Task directions: Please count the lines of the listing below in which "image" occurs, and reply with the number only.

Extracted entries:
------------------------------
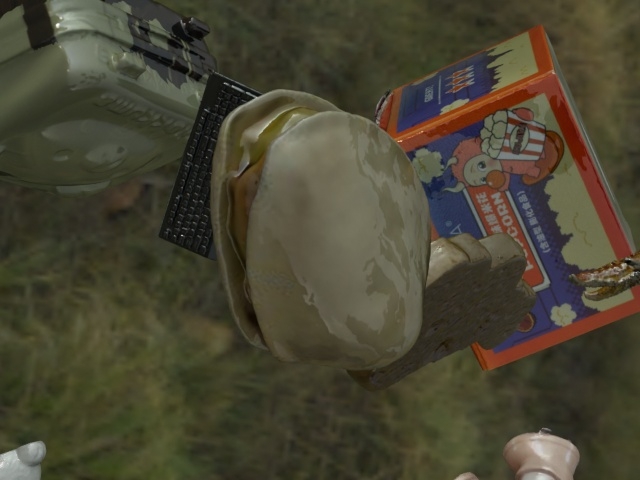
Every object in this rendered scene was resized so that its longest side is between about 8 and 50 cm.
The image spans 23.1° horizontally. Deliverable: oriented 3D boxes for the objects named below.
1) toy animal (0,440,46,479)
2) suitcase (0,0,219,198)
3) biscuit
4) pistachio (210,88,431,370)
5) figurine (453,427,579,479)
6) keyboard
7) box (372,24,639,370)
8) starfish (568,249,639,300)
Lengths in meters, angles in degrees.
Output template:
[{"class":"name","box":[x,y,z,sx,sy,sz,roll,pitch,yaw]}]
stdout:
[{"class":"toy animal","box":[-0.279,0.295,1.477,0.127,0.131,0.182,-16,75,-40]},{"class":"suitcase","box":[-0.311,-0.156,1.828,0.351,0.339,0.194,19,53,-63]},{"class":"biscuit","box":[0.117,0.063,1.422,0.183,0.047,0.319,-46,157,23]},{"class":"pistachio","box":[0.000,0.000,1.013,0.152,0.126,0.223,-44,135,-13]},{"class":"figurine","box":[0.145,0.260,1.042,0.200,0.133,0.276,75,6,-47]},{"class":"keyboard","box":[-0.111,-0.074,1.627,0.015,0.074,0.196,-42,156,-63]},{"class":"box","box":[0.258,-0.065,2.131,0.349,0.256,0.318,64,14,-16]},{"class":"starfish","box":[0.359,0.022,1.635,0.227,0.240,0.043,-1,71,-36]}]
------------------------------
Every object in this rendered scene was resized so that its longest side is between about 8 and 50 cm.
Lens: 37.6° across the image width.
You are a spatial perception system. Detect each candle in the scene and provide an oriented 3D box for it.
------------------------------
Your solution: 2